In regards to depending on a service like docker.io, there is a bug for a quarterly goal to investigate storing images as artifacts within taskcluster. . Unfortunately since this was an Amazon issue in us-east-1, not only would images as artifacts (as proposed in that bug) be disrupted, but also perhaps the creation of our EC2 instances which runs the tasks within that region. While we do have a bug to move away from less robust solutions (like docker.io) to hosting images as artifacts within taskcluster, we still ultimately rely on Amazon. We do not have a good story currently for not exclusively relying on Amazon for our workers but we do have the ability to support multiple regions so if this issue was persistent within a region we do have the option to only provision our workers in other regions. Also, as a side note, relying on other docker registries also wouldn't have solved this problem because the other popular hosted docker registry was also affected by this outage. Although that still would violate the rule of not depending on external resources.  https://bugzilla.mozilla.org/show_bug.cgi?id=1182490  (as stated on status.aws.amazon.com) 3:46 AM PDT Between 12:08 AM and 3:40 AM PDT, Amazon S3 experienced elevated error rates and latencies. We identified the root cause and pursued multiple paths to recovery. The error has been corrected and the service is operating normally.

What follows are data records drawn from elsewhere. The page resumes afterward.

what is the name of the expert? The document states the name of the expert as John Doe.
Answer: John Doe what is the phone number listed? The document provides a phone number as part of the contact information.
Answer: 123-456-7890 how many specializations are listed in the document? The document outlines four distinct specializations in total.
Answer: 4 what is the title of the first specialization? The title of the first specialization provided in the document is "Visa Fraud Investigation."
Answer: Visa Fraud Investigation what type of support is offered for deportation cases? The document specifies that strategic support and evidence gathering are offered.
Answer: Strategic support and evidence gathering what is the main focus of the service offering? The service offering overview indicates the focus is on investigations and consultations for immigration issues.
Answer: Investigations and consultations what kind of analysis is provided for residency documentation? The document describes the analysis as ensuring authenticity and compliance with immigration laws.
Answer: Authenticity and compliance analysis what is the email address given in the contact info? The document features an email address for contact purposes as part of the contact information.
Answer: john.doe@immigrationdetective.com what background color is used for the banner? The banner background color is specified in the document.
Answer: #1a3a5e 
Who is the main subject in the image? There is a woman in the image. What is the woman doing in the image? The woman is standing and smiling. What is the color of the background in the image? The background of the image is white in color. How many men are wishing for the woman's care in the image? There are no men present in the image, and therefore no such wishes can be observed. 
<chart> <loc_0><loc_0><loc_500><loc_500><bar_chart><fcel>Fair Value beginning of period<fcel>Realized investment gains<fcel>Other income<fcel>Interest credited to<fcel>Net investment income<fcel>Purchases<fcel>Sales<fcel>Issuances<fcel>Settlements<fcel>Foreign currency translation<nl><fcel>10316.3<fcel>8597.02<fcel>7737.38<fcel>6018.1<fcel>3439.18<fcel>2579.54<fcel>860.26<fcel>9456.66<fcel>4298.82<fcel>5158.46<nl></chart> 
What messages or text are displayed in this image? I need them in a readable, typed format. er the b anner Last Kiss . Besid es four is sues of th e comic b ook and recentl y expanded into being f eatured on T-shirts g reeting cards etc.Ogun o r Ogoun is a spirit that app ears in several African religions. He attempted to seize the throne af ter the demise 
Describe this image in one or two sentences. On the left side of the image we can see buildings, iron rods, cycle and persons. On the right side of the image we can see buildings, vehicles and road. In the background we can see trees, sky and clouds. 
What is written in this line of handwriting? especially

At the moment we are just waiting for some retriggered jobs to complete, and then the trees will be reopened.
> Could you provide a link to the policy document? Here you go :pmoore https://wiki.mozilla.org/Sheriffing/Job_Visibility_Policy#Must_avoid_patterns_known_to_cause_non_deterministic_failures Specifically "Must not rely on resources from sites whose content we do not control/have no SLA"
https://wiki.mozilla.org/Sheriffing/Job_Visibility_Policy#Must_avoid_patterns_known_to_cause_non_deterministic_failures says: "Must not rely on resources from sites whose content we do not control/have no SLA" If this problem was actually "amazon was down in a way that would affect our 'internal' infrastructure too", then it's quite possible that in this specific case we would have had a problem even if we were self-hosting. But there are any number of reasons that docker.io might go down that should not cause total loss of CI/release service at Mozilla.
> If this problem was actually "amazon was down in a way that would affect our > 'internal' infrastructure too", then it's quite possible that in this > specific case we would have had a problem even if we were self-hosting. But > there are any number of reasons that docker.io might go down that should not > cause total loss of CI/release service at Mozilla. Absolutely agree. This is why we are wanting to move images from docker.io to artifacts within taskcluster that could be used. Unfortunately in this case it wouldn't have helped because of a larger Amazon outage, but either way, it would make taskcluster image handling more robust than relying on docker.io and also give us the ability of hosting images in multiple regions.
Moving closed bugs across to new Bugzilla product "TaskCluster".